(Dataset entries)
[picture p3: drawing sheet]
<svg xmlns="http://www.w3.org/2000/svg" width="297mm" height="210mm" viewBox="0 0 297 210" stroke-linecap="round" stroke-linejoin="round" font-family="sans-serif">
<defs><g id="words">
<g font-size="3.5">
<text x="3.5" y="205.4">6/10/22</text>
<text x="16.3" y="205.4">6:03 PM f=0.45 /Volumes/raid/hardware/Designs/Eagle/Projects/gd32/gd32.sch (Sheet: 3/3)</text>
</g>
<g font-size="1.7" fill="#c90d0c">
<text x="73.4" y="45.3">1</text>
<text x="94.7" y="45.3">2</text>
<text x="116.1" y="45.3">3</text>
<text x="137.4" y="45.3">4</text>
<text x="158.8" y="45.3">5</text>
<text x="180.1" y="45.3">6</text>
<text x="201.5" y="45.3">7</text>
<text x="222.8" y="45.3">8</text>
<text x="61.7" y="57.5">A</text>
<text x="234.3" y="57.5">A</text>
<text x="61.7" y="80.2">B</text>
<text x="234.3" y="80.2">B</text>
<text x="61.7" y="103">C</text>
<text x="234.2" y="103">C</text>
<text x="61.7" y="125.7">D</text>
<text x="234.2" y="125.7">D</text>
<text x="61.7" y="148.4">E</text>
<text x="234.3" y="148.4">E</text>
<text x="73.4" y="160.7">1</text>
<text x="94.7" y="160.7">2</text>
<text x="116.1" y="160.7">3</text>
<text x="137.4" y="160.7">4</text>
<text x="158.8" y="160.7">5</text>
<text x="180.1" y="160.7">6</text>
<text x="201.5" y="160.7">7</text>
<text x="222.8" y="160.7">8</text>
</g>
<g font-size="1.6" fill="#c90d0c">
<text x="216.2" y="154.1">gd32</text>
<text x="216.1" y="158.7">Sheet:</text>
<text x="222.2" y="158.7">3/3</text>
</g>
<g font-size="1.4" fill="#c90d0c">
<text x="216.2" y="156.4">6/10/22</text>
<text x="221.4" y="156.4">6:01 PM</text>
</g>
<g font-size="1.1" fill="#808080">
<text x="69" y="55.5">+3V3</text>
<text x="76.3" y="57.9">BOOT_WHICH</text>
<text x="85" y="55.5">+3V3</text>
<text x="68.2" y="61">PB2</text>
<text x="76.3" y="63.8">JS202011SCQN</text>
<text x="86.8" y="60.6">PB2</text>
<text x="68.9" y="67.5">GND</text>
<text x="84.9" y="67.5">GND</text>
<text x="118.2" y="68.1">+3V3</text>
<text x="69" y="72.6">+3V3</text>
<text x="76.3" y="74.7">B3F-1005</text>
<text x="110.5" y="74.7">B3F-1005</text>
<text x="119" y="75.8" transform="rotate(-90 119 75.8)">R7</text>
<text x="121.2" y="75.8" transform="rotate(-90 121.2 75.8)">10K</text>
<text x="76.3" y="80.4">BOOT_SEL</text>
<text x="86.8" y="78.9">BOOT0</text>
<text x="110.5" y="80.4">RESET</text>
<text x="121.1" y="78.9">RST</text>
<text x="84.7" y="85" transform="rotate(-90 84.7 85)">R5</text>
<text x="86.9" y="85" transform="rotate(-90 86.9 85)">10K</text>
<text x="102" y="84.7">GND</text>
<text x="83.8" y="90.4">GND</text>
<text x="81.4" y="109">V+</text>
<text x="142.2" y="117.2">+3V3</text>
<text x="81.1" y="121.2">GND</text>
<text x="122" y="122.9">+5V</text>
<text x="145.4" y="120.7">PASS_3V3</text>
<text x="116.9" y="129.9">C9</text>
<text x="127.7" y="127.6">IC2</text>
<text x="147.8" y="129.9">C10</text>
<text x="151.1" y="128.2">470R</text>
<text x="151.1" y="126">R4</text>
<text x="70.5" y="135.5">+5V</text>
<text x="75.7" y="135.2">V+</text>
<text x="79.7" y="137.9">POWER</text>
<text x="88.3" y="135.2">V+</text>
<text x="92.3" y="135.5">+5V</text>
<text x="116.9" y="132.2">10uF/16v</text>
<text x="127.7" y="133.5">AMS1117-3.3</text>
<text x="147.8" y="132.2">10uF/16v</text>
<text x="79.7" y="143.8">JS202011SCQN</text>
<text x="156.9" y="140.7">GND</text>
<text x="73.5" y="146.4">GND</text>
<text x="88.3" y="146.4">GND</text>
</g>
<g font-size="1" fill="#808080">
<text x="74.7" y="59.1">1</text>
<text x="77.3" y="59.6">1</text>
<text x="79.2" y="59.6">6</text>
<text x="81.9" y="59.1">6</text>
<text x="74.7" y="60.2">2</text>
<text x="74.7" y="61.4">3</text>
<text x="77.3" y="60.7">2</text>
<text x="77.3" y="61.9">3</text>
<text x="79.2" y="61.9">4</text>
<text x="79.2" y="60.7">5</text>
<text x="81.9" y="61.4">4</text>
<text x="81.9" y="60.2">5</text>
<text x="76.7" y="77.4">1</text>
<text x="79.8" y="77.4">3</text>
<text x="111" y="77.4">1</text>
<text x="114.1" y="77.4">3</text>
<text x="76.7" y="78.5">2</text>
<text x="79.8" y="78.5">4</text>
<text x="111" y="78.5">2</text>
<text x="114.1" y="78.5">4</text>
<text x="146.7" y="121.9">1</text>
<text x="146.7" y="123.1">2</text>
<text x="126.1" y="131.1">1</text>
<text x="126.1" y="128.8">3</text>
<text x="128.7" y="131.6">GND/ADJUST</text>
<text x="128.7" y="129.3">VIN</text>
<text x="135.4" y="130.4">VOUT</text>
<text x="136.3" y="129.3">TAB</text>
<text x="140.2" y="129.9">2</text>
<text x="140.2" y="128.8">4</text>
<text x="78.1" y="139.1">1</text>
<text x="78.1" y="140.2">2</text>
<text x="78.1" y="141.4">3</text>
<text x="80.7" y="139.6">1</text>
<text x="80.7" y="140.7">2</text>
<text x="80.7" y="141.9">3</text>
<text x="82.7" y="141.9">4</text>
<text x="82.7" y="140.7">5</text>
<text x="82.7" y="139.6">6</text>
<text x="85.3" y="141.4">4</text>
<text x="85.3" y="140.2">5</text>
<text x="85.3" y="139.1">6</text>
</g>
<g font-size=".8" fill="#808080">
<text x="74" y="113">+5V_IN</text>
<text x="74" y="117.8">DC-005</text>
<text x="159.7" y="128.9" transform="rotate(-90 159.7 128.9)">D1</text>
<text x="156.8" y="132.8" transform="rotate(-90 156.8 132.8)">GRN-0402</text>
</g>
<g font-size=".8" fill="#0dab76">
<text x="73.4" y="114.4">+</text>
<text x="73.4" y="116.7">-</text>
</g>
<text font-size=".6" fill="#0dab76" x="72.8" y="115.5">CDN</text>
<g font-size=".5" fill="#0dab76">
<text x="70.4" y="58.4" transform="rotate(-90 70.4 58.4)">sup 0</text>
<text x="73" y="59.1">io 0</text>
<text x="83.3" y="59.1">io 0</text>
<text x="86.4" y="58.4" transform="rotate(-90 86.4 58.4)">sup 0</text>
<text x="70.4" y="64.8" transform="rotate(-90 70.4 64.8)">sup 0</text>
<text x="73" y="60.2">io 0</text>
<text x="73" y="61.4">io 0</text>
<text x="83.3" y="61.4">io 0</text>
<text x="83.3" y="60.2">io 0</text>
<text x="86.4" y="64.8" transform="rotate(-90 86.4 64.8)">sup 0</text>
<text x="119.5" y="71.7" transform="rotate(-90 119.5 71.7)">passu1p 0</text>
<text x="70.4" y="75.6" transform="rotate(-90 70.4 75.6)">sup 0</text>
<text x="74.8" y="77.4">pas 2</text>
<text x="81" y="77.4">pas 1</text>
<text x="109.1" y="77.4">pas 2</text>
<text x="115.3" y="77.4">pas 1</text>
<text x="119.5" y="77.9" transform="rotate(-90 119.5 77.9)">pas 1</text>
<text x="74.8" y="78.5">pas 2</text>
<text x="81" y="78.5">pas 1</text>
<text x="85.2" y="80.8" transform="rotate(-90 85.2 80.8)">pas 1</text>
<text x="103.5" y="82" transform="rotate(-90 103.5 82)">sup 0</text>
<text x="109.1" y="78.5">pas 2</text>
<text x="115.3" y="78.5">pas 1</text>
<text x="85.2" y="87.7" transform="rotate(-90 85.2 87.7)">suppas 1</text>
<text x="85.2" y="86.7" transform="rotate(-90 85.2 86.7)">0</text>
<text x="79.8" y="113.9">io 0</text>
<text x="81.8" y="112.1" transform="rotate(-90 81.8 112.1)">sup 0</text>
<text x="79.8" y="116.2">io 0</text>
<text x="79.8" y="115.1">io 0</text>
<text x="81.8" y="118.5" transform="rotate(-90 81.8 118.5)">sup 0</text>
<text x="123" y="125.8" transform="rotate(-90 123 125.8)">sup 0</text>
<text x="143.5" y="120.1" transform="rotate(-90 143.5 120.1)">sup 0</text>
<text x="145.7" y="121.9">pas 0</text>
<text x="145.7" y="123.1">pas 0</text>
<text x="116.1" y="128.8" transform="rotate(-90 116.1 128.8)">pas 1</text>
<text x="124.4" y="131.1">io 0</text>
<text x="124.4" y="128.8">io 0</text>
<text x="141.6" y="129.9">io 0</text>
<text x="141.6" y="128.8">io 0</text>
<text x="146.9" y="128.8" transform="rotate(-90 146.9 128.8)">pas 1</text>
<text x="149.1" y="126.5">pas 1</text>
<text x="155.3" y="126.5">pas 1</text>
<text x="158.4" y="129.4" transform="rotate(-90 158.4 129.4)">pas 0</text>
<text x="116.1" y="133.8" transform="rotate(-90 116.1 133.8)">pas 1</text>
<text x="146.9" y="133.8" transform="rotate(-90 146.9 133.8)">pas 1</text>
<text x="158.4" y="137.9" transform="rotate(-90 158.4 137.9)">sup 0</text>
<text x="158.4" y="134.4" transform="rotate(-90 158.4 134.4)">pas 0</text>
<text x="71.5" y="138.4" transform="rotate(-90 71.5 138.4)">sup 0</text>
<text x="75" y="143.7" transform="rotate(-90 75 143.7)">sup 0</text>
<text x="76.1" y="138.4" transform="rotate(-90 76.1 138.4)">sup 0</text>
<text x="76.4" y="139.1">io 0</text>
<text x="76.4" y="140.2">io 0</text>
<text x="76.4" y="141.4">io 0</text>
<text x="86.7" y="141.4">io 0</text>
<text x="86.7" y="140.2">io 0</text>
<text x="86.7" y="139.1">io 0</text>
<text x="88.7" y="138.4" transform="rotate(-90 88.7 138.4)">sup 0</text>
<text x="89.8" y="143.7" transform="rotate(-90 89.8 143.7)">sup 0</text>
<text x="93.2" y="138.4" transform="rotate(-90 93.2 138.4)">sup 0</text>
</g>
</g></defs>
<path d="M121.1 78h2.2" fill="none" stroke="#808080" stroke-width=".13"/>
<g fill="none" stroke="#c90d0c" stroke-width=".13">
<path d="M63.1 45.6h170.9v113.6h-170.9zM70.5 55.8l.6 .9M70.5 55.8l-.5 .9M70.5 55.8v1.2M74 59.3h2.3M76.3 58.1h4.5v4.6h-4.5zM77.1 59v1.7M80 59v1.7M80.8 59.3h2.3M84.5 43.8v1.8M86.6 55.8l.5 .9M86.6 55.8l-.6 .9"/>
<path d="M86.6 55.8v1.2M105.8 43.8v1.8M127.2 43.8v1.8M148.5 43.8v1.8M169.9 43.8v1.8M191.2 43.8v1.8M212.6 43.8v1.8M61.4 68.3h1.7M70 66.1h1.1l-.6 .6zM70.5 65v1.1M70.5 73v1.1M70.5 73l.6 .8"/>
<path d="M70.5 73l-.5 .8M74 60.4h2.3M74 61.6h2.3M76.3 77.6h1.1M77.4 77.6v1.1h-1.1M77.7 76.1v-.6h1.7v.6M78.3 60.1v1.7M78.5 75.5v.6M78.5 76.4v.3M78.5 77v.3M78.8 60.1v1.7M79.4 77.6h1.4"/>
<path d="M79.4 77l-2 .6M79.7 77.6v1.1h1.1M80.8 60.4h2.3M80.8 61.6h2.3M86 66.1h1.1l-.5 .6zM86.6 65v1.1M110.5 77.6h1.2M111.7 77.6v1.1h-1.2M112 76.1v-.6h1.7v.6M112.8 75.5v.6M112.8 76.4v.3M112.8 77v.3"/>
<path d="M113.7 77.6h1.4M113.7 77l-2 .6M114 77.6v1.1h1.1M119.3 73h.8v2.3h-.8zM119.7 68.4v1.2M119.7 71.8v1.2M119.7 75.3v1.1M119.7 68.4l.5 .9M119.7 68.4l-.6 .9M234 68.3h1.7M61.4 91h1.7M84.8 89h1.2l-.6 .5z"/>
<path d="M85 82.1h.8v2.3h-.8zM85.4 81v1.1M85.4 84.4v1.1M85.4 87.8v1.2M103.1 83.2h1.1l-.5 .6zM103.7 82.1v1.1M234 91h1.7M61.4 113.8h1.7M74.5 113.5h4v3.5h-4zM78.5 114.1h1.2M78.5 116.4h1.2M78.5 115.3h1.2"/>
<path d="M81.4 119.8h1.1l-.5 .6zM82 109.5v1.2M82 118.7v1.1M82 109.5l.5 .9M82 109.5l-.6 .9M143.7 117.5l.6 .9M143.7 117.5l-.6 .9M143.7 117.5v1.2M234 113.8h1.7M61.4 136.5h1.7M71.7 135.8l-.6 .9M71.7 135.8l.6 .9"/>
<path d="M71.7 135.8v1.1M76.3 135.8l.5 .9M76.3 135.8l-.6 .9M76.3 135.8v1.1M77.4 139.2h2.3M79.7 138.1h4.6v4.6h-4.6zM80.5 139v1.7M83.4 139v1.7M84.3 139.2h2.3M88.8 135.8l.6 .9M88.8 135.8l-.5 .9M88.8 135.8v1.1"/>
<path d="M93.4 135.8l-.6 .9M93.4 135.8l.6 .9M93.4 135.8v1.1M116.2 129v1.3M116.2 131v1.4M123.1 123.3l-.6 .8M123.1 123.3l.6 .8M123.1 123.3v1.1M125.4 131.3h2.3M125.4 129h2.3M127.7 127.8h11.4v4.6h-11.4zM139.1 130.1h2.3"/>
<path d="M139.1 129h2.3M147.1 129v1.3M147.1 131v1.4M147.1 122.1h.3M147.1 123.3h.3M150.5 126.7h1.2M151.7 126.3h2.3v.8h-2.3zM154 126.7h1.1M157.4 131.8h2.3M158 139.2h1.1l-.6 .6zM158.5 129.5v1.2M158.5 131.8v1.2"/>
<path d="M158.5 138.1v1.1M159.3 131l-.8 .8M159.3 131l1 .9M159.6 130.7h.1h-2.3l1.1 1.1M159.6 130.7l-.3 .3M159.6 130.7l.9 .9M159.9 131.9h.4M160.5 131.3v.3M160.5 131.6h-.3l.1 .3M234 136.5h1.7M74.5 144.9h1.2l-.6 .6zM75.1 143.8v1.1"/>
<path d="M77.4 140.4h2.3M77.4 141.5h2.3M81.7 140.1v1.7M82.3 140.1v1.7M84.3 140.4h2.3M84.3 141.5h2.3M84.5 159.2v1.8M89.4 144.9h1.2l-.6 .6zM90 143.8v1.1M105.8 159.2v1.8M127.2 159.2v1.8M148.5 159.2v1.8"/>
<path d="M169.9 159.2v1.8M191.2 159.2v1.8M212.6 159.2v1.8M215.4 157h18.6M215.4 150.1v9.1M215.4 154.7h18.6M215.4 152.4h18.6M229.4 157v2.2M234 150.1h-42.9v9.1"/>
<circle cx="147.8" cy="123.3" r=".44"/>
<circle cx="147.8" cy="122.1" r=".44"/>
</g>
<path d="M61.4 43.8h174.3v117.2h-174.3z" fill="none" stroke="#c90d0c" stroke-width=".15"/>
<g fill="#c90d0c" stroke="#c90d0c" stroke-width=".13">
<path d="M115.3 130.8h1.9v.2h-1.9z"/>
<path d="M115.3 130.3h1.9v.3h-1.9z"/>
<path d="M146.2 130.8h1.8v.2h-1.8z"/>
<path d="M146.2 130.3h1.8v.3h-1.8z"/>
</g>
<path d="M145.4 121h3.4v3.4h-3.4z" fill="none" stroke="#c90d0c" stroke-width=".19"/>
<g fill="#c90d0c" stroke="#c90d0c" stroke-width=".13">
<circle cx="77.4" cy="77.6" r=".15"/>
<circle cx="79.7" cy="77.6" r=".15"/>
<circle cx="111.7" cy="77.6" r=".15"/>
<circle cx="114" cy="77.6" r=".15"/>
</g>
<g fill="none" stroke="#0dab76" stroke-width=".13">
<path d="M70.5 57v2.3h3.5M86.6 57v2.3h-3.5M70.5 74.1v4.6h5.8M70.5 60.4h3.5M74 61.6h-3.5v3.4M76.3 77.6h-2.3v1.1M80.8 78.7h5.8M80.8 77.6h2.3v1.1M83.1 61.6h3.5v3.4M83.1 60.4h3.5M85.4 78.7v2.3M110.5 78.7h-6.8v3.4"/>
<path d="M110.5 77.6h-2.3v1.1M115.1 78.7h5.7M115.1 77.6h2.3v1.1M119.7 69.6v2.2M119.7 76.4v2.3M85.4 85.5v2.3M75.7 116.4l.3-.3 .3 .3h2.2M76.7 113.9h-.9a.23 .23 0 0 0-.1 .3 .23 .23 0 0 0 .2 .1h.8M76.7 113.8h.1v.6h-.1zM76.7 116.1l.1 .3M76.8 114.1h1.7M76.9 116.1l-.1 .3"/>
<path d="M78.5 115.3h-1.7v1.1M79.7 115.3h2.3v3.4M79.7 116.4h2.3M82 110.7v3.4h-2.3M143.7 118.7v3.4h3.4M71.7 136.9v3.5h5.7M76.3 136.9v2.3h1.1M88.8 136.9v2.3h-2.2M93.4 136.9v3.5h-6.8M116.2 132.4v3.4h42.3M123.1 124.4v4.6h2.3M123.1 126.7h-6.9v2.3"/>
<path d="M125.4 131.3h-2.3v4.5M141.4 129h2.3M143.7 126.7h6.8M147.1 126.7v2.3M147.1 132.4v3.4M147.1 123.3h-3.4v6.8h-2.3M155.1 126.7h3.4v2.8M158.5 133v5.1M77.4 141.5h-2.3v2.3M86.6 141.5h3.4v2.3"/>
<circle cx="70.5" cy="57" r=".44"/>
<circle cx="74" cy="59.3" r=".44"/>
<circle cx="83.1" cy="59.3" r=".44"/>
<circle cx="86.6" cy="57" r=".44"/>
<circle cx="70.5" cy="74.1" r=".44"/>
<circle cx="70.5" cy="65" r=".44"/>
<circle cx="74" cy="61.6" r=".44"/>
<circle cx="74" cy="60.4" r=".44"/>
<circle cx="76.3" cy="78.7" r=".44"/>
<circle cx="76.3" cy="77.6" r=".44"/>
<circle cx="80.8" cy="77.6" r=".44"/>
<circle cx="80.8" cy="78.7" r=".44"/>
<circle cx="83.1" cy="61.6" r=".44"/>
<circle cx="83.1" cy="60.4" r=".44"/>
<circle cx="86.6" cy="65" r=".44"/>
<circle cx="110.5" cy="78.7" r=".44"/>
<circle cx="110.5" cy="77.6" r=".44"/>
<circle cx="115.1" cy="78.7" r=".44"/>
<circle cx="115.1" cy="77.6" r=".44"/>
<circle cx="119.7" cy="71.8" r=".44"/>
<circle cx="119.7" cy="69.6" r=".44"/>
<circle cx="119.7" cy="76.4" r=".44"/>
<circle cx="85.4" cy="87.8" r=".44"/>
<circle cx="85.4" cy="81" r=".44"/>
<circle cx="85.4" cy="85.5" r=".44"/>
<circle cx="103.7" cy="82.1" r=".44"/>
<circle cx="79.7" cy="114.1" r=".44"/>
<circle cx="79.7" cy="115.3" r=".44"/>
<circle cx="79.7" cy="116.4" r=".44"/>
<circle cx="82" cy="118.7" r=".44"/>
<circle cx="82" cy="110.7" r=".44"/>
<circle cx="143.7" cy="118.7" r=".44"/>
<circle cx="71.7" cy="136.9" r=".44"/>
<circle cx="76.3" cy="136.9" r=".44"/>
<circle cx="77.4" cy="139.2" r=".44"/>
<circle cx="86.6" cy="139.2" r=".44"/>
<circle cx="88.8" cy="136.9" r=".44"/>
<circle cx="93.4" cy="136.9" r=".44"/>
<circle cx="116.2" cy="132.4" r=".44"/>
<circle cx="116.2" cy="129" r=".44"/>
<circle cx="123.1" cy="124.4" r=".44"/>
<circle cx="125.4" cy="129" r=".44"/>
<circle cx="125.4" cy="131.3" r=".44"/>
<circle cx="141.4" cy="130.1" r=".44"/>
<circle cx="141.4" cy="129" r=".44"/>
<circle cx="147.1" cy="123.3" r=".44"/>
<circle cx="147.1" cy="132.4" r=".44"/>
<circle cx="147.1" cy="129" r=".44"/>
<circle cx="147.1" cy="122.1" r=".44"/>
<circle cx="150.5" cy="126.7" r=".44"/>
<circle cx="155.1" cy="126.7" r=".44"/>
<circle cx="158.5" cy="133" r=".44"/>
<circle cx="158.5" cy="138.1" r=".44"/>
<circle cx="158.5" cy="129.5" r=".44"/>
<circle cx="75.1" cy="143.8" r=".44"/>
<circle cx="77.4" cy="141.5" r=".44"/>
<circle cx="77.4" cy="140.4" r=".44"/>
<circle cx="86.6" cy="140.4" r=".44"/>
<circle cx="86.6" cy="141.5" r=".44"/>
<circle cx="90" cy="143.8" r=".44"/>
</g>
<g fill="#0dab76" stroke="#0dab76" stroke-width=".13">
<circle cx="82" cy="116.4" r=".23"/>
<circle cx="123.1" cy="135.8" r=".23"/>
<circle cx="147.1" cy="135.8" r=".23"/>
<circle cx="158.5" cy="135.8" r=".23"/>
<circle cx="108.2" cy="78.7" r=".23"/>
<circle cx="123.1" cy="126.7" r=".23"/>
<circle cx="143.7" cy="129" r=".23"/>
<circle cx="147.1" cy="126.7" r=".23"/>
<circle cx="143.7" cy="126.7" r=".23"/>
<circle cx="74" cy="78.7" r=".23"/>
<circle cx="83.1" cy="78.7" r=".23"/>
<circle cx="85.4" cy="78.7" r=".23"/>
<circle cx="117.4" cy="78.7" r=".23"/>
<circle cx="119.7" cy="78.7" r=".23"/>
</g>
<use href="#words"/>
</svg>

#### [What you will do]
Scan the data above for the word "stroke". Copy every line in which it is found.

#### [Answer to the problem]
<svg xmlns="http://www.w3.org/2000/svg" width="297mm" height="210mm" viewBox="0 0 297 210" stroke-linecap="round" stroke-linejoin="round" font-family="sans-serif">
<path d="M121.1 78h2.2" fill="none" stroke="#808080" stroke-width=".13"/>
<g fill="none" stroke="#c90d0c" stroke-width=".13">
<path d="M61.4 43.8h174.3v117.2h-174.3z" fill="none" stroke="#c90d0c" stroke-width=".15"/>
<g fill="#c90d0c" stroke="#c90d0c" stroke-width=".13">
<path d="M145.4 121h3.4v3.4h-3.4z" fill="none" stroke="#c90d0c" stroke-width=".19"/>
<g fill="#c90d0c" stroke="#c90d0c" stroke-width=".13">
<g fill="none" stroke="#0dab76" stroke-width=".13">
<g fill="#0dab76" stroke="#0dab76" stroke-width=".13">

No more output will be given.